(Problem) Write the records out again without change. Leave the pictures behind.

_ _ _ _

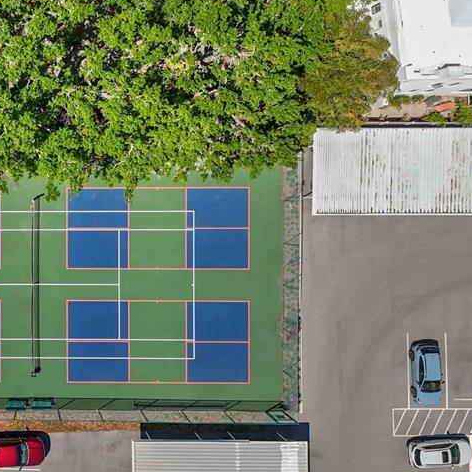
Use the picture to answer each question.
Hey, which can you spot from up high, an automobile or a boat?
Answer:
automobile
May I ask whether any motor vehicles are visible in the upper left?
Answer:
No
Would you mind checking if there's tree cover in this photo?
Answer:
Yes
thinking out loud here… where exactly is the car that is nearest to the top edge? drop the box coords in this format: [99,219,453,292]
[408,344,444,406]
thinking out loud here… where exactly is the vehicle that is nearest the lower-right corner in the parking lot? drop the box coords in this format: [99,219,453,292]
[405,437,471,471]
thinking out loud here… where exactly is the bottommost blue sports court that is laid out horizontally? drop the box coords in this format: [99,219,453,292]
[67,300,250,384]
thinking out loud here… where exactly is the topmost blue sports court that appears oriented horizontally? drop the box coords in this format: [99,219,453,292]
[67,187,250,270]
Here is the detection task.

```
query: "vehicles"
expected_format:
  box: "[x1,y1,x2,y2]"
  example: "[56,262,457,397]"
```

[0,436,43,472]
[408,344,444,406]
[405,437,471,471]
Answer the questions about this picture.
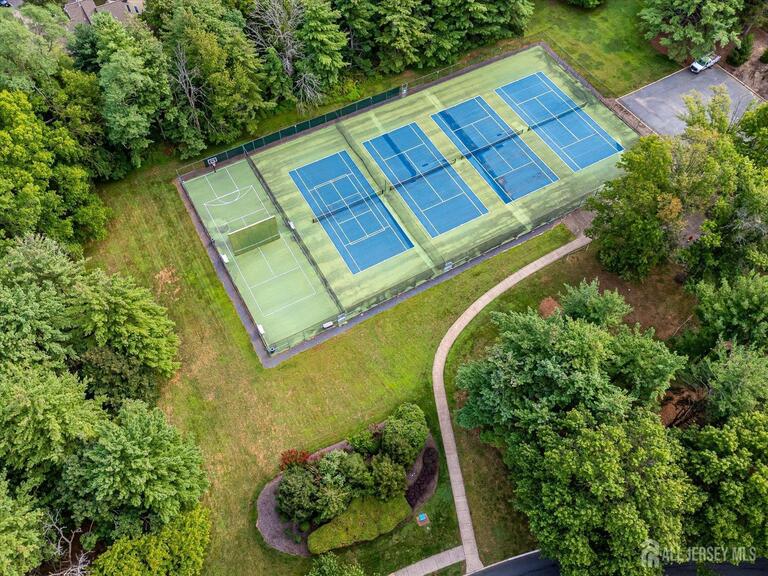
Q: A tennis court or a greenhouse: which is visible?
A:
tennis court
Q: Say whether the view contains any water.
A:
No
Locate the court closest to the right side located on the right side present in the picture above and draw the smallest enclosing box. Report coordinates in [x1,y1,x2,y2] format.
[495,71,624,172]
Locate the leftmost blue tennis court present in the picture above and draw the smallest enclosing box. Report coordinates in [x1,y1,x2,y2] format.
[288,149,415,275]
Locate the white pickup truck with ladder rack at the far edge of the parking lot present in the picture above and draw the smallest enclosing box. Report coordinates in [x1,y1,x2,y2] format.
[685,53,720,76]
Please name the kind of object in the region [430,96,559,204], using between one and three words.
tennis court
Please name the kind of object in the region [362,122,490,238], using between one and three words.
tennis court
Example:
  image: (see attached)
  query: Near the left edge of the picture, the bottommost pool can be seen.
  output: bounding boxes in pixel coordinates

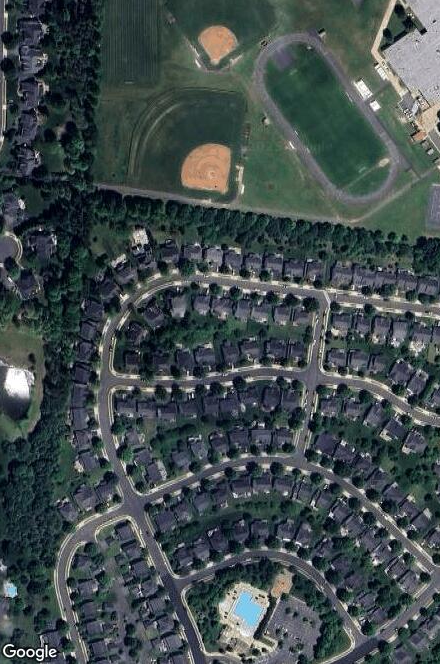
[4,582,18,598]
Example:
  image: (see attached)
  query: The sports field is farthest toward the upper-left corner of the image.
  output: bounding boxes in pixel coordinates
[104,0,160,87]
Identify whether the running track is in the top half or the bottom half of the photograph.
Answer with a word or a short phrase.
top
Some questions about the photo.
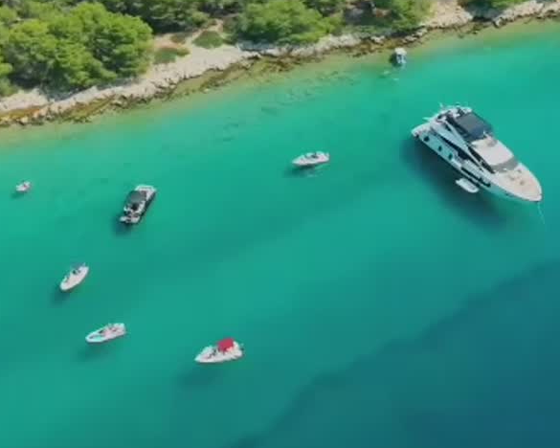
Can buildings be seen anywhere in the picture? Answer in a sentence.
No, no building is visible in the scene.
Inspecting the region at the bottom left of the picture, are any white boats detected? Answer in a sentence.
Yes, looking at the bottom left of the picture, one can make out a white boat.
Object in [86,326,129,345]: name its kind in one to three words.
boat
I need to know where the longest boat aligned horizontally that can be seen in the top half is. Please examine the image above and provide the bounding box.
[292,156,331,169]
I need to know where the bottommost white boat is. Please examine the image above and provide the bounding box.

_ _ _ _

(Result of this exercise)
Use the picture to answer each question.
Hey, which can you spot from up high, an automobile or a boat?
Answer:
automobile
May I ask whether any motor vehicles are visible in the upper left?
Answer:
No
Would you mind checking if there's tree cover in this photo?
Answer:
Yes
thinking out loud here… where exactly is the car that is nearest to the top edge? drop the box coords in this format: [99,219,453,292]
[408,344,444,406]
thinking out loud here… where exactly is the vehicle that is nearest the lower-right corner in the parking lot? drop the box coords in this format: [99,219,453,292]
[405,437,471,471]
thinking out loud here… where exactly is the bottommost blue sports court that is laid out horizontally? drop the box coords in this format: [99,219,453,292]
[67,300,250,384]
thinking out loud here… where exactly is the topmost blue sports court that appears oriented horizontally? drop the box coords in this format: [99,219,453,292]
[67,187,250,270]
Here is the detection task.

```
query: "vehicles"
expected_format:
  box: "[x1,y1,x2,y2]"
  example: "[56,262,457,397]"
```

[0,436,43,472]
[408,344,444,406]
[405,437,471,471]
Answer the questions about this picture.
Q: A tennis court or a greenhouse: which is visible?
A:
tennis court
Q: Say whether the view contains any water.
A:
No
Locate the court closest to the right side located on the right side present in the picture above and draw the smallest enclosing box. Report coordinates in [x1,y1,x2,y2] format.
[495,71,624,172]
Locate the leftmost blue tennis court present in the picture above and draw the smallest enclosing box. Report coordinates in [x1,y1,x2,y2] format.
[288,149,415,275]
Locate the white pickup truck with ladder rack at the far edge of the parking lot present in the picture above and draw the smallest enclosing box. Report coordinates in [x1,y1,x2,y2] format.
[685,53,720,76]
Please name the kind of object in the region [430,96,559,204], using between one and three words.
tennis court
Please name the kind of object in the region [362,122,490,238], using between one and three words.
tennis court
Example:
  image: (see attached)
  query: Near the left edge of the picture, the bottommost pool can be seen.
  output: bounding boxes in pixel coordinates

[4,582,18,598]
Example:
  image: (see attached)
  query: The sports field is farthest toward the upper-left corner of the image.
  output: bounding boxes in pixel coordinates
[104,0,160,87]
Identify whether the running track is in the top half or the bottom half of the photograph.
Answer with a word or a short phrase.
top
Some questions about the photo.
Can buildings be seen anywhere in the picture? Answer in a sentence.
No, no building is visible in the scene.
Inspecting the region at the bottom left of the picture, are any white boats detected? Answer in a sentence.
Yes, looking at the bottom left of the picture, one can make out a white boat.
Object in [86,326,129,345]: name its kind in one to three words.
boat
I need to know where the longest boat aligned horizontally that can be seen in the top half is. Please examine the image above and provide the bounding box.
[292,156,331,169]
I need to know where the bottommost white boat is. Please examine the image above and provide the bounding box.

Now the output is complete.